By Clifford F. Lynch
All too often, the term "freight broker" conjures up visions of Joe
Bob parked in a booth at the Flying Z truck stop with his cell phone, a pad and
pencil, and a generous potion of chicken fried steak. And that’s a shame. In a
few cases, the image may not be too far from the truth. But for the most part,
Joe Bob’s gone the way of the dinosaur. Today, freight brokerage – the
business of matching up shippers who have freight to be moved with carriers who
can haul it – has grown into a sophisticated multimillion dollar profession.
And it’s a profession with bright prospects, thanks to a shortage of trucking
capacity.
For over a year now, the economy’s been gathering steam. Today’s DCs are
bulging at the seams with HDTV systems and digital cameras waiting to be moved
to store shelves. Problem is, there are fewer and fewer trucks available to haul
them. Hit by soaring fuel and insurance costs in the last couple of years
(insurance costs alone have risen 50 percent since 2000), thousands of truckers
have closed their doors.
In ordinary times, that would simply mean more opportunity for the survivors.
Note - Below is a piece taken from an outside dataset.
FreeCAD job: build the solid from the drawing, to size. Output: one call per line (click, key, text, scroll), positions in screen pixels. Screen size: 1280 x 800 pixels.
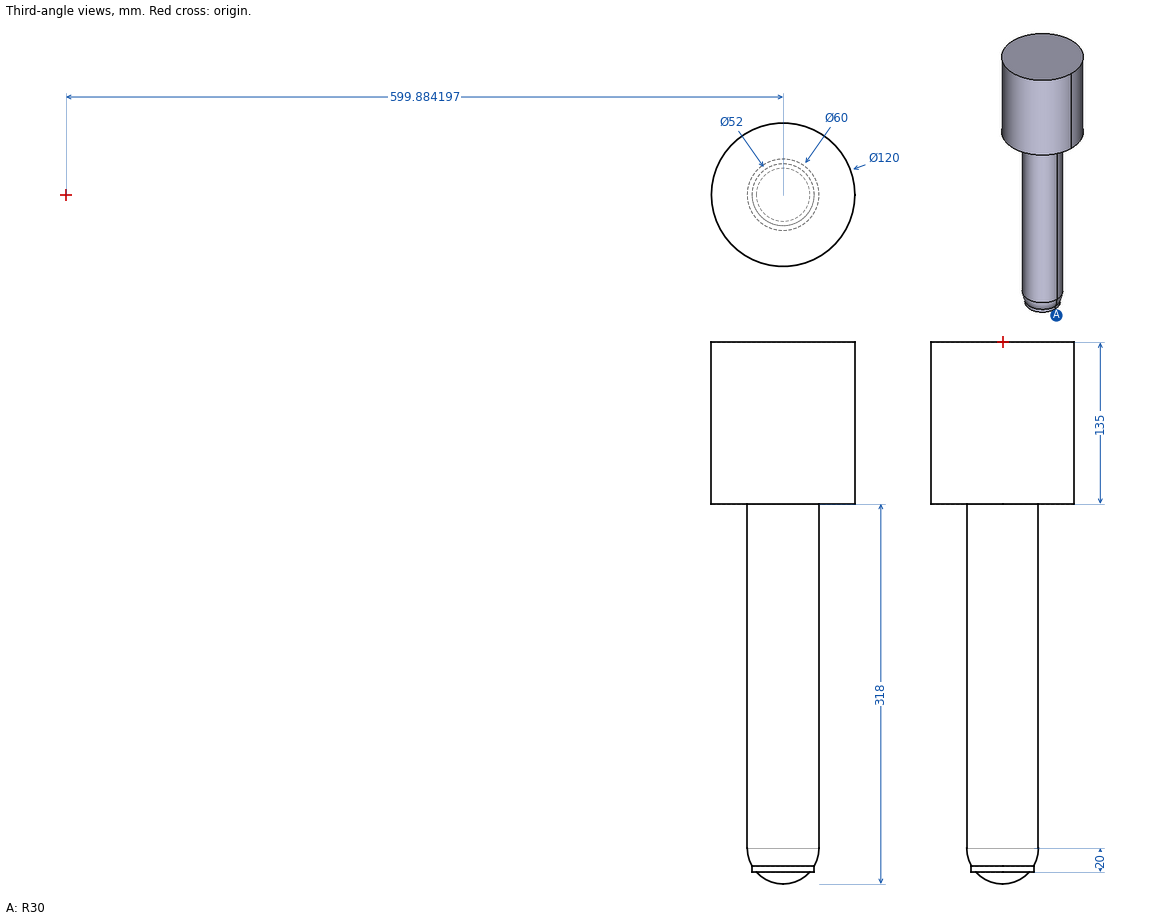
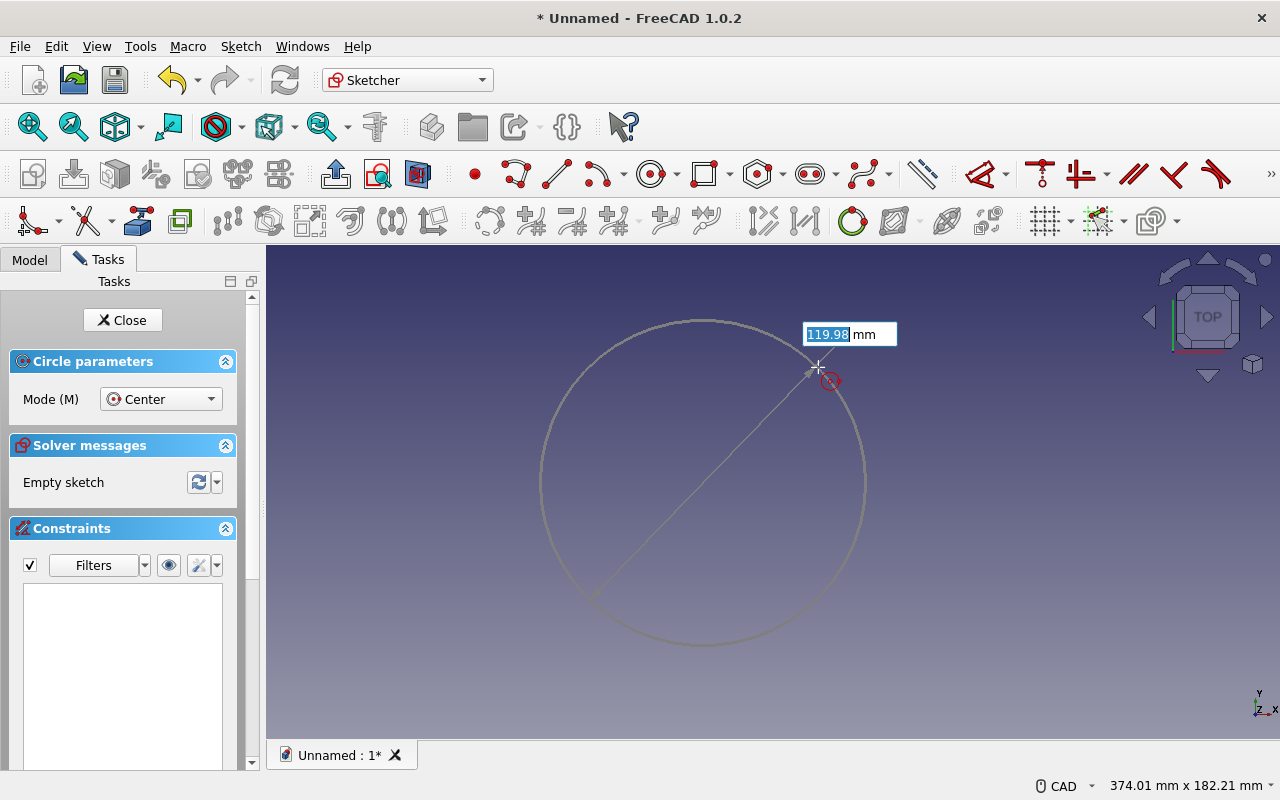
text(120)
key(Return)
key(Escape)

But these aren’t ordinary times. Truckers looking to expand quickly become
discouraged by equipment prices. Last year’s engine emissions regulations have
pushed up tractor prices to record levels. Then there’s the problem of finding
more drivers. The new driver hours-of-service regulations that took effect in
January have only exacerbated an existing driver shortage. Swift Transportation,
for example, reported that by the end of December, it had lost 150 to 200
drivers, who quit because they feared the new regs would mean a big loss of
income.
As the smaller, poorly managed fleets are squeezed out of the industry and
the rest grapple with equipment and productivity constraints, shippers find
themselves caught in a capacity crunch. Many of these shippers will turn to
brokers and their expansive networks.
Freight brokers aren’t new, of course. They’ve been around as long as the
trucking industry itself; but today, they’re larger and more customer-focused
than ever before. In 2003, for example, C.H. Robinson, hardly a newcomer to the
industry, made 88 percent of its gross profit from managing over-the-road
freight, though it doesn’t own a single truck.
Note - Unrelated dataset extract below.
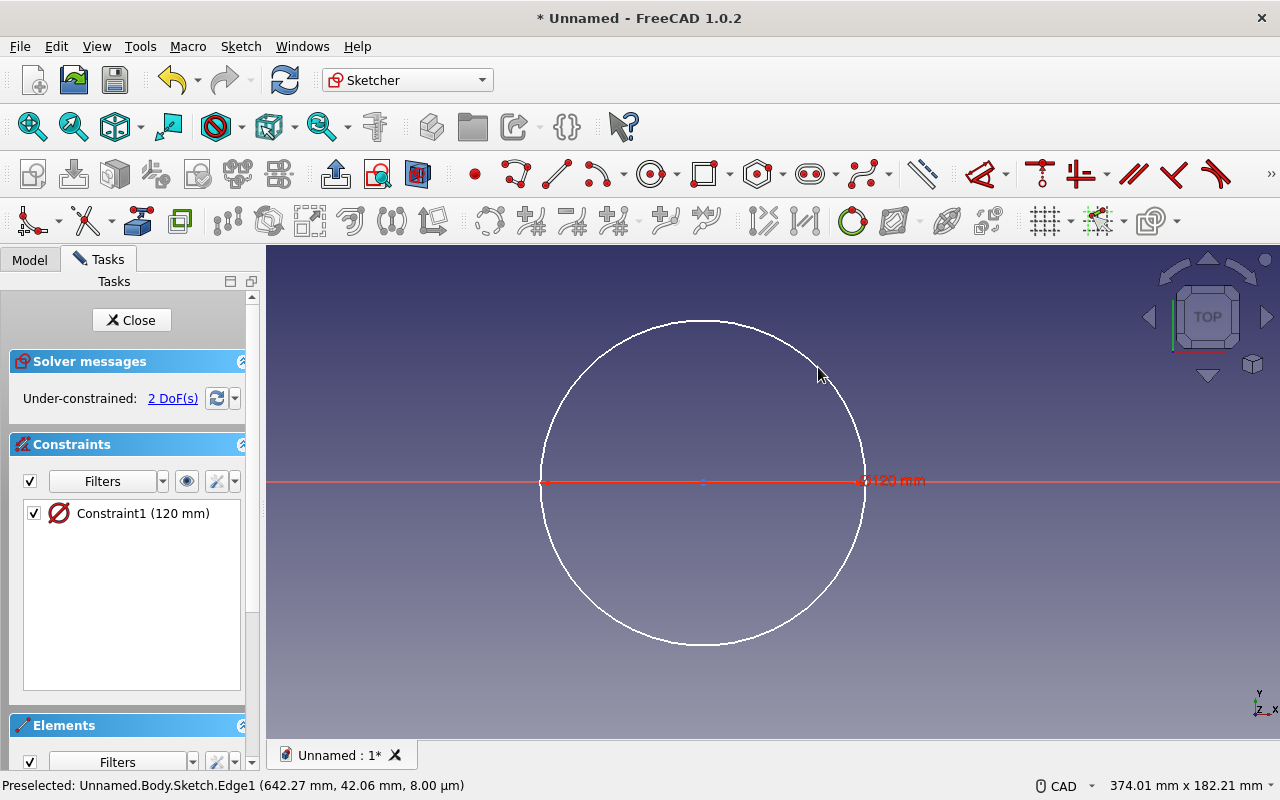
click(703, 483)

In the last few years, several entrepreneurs launched Internet-based
brokerage sites, but the idea never really caught on. Many logistics managers
still prefer more direct, personal negotiations with carriers, particularly for
their more service-sensitive customers.
That caution may be misplaced. As more asset-based industry veterans
concentrate on brokerage, shippers can use their services with confidence that
their shipments will be handled with the same dispatch and care they’d
experience through direct dealings with the carriers. A number of responsible
carriers are placing their reputation and credibility squarely on the line with
their brokerage operations. One of those is Schneider National. Schneider’s
transportation management operation includes more than 6,500 carrier partners
that are qualified annually, and it has established an electronic marketplace to
help carriers secure loads.
The one thing freight brokers can’t do, of course, is create more trucks.
But they can provide access to an expanded array of reliable hauling options.
Shippers just have to follow one simple rule: Exercise the same care in
selecting a freight broker as you would when buying any other logistics service.